The truck stopped. The door slid open and we rolled out the barrels. Other friends quickly put them into place and the lockdown crew attached themselves to complete the chain. In a matter of moments, that section of the Port of Tacoma was shut down for the rest of the day.
Slowly the cops, with the help of Sanitation and road construction workers, dismantled our blockade and filled a police van with those arrested.
Most of us kept a safe distance, singing and chanting and making sure our friends were not mistreated. A small crew made their way over the fence and to the nearby warehouse and unfurled a banner. The only violence of the day happened as they tried to get back and were grabbed by some dock workers. They all made it back, teaching their would-be captors a lesson -- these hippies hit back.
As the last member of the blockade crew was removed from his barrel, a news crew asked him for a comment. He was a total anomaly to them -- wearing a suit and a Tonya Harding pin. He looked into the camera and with a little quiver in his voice explained that "I'm doing this for my god, my country, and Tonya!" at which point we all started chanting "Tonya! Tonya! Tonya!"
The total absurdity of it all gave one young woman (I think she was 17 or 18) the chance to scramble under the police van and lock her neck to the front axle.

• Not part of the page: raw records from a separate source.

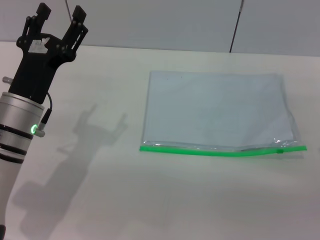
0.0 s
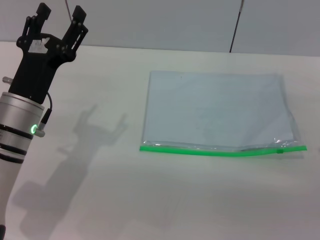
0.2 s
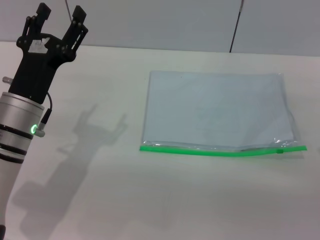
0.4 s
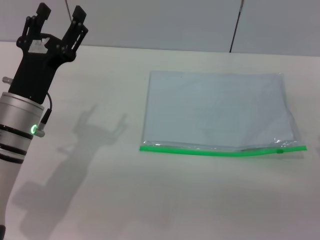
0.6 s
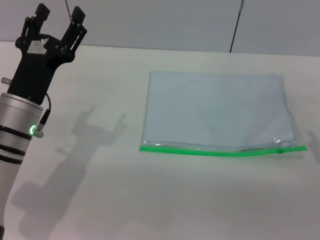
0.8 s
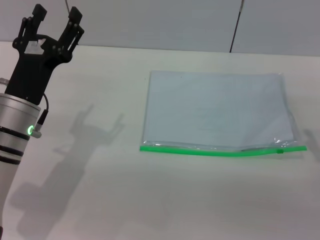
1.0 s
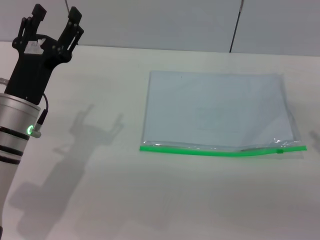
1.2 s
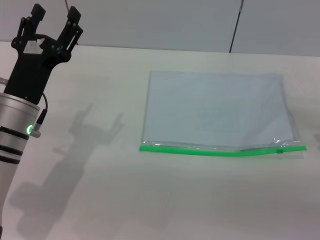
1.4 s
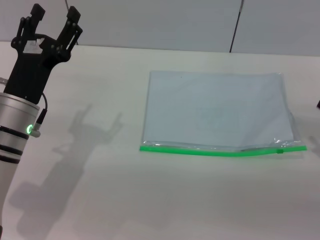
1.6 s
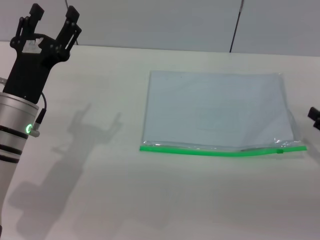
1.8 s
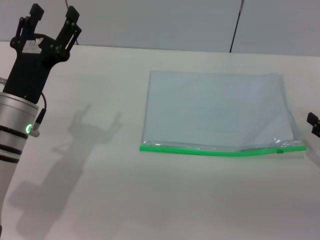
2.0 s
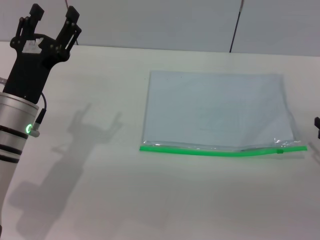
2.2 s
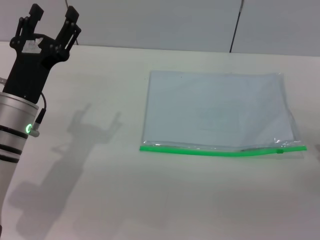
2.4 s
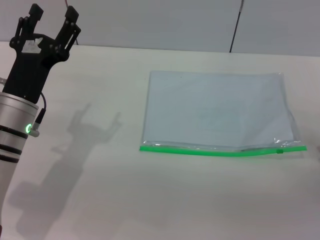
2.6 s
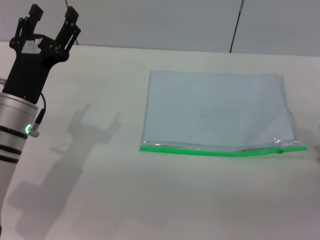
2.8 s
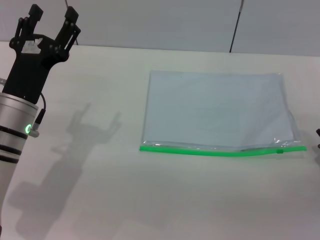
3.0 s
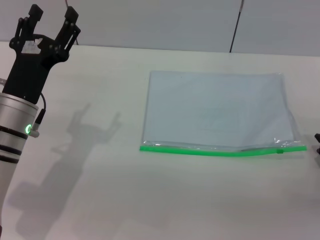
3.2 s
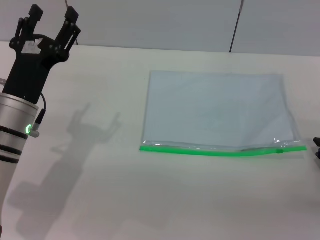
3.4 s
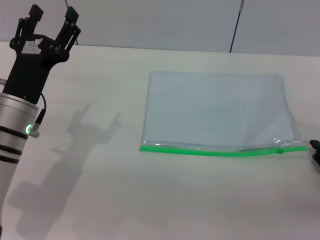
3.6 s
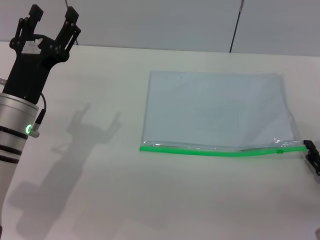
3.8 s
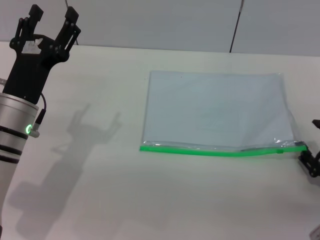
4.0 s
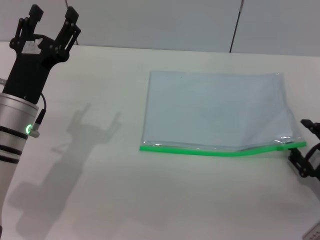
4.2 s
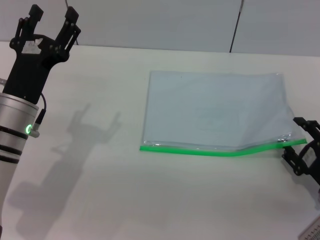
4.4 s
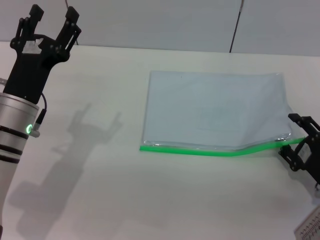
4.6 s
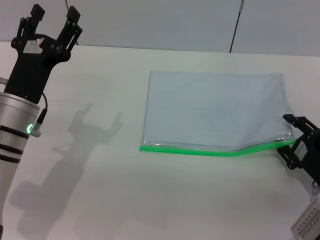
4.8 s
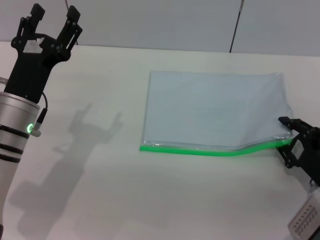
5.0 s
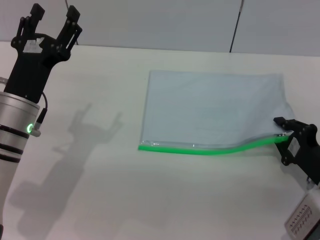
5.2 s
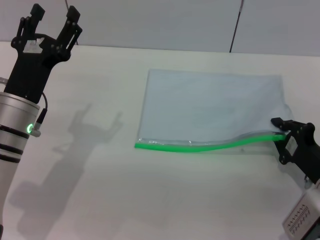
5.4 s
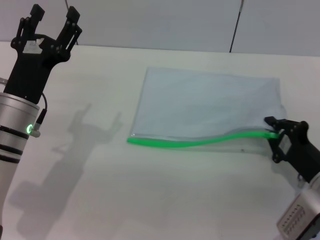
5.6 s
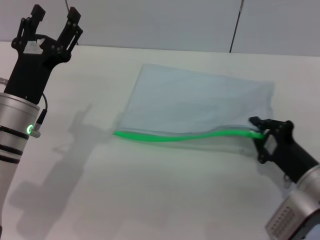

Now, the police van was the blockade.
The sun started to set, the arrestees were moved to another van, the axle was removed allowing the young woman with lock still around her neck to be taken away with the other arrested activists and we switched to legal support mode.
Years later, an alliance between these activist and some dock workers would be built; the logging company would go bankrupt due to its shortsighted policies. Clearcutting of the old growth forests continues but has been slowed a bit. This was mostly due to the spotted owl, but it still feels like we had changed the world, even if only just a bit.